Dataset entries:
┏━━

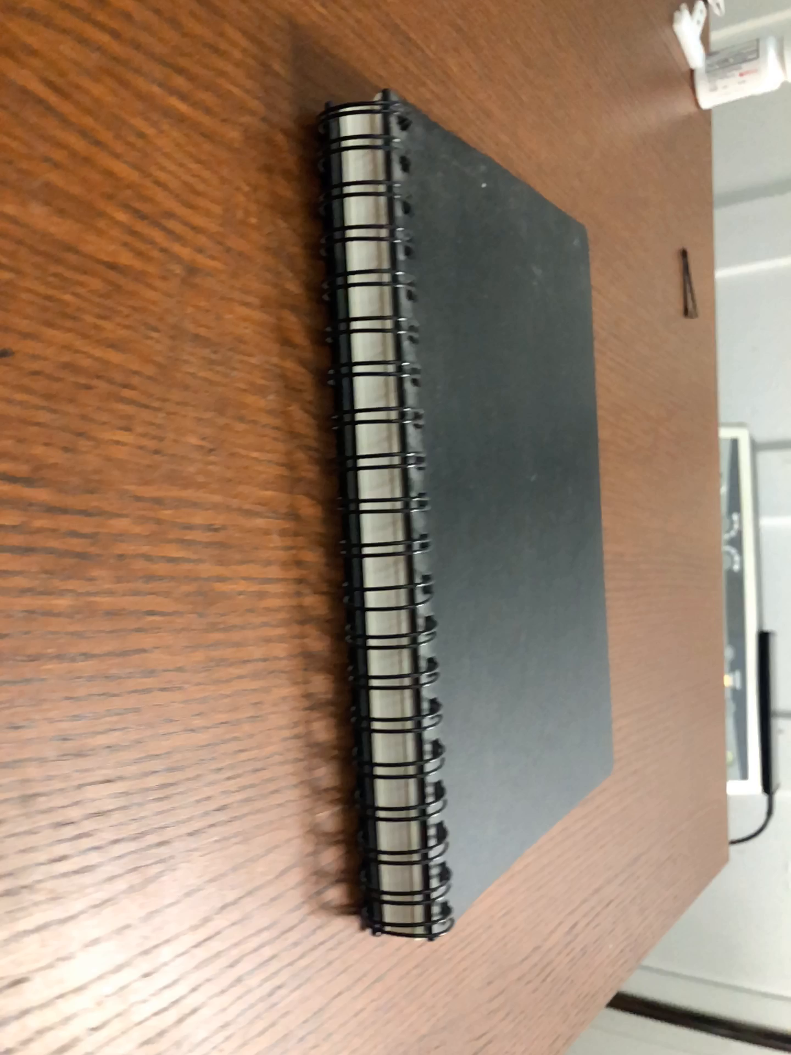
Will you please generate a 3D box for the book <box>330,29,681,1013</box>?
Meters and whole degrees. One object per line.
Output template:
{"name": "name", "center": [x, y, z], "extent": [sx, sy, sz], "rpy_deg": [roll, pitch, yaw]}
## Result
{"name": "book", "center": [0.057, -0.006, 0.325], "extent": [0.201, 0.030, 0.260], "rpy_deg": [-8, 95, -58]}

┗━━

* PROMPT
Every entry should be repeated verbatim, with the pictures left out.

* ANSWER TO THIS EXERCISE
Will you please generate a 3D box for the book <box>330,29,681,1013</box>?
Meters and whole degrees. One object per line.
Output template:
{"name": "name", "center": [x, y, z], "extent": [sx, sy, sz], "rpy_deg": [roll, pitch, yaw]}
## Result
{"name": "book", "center": [0.057, -0.006, 0.325], "extent": [0.201, 0.030, 0.260], "rpy_deg": [-8, 95, -58]}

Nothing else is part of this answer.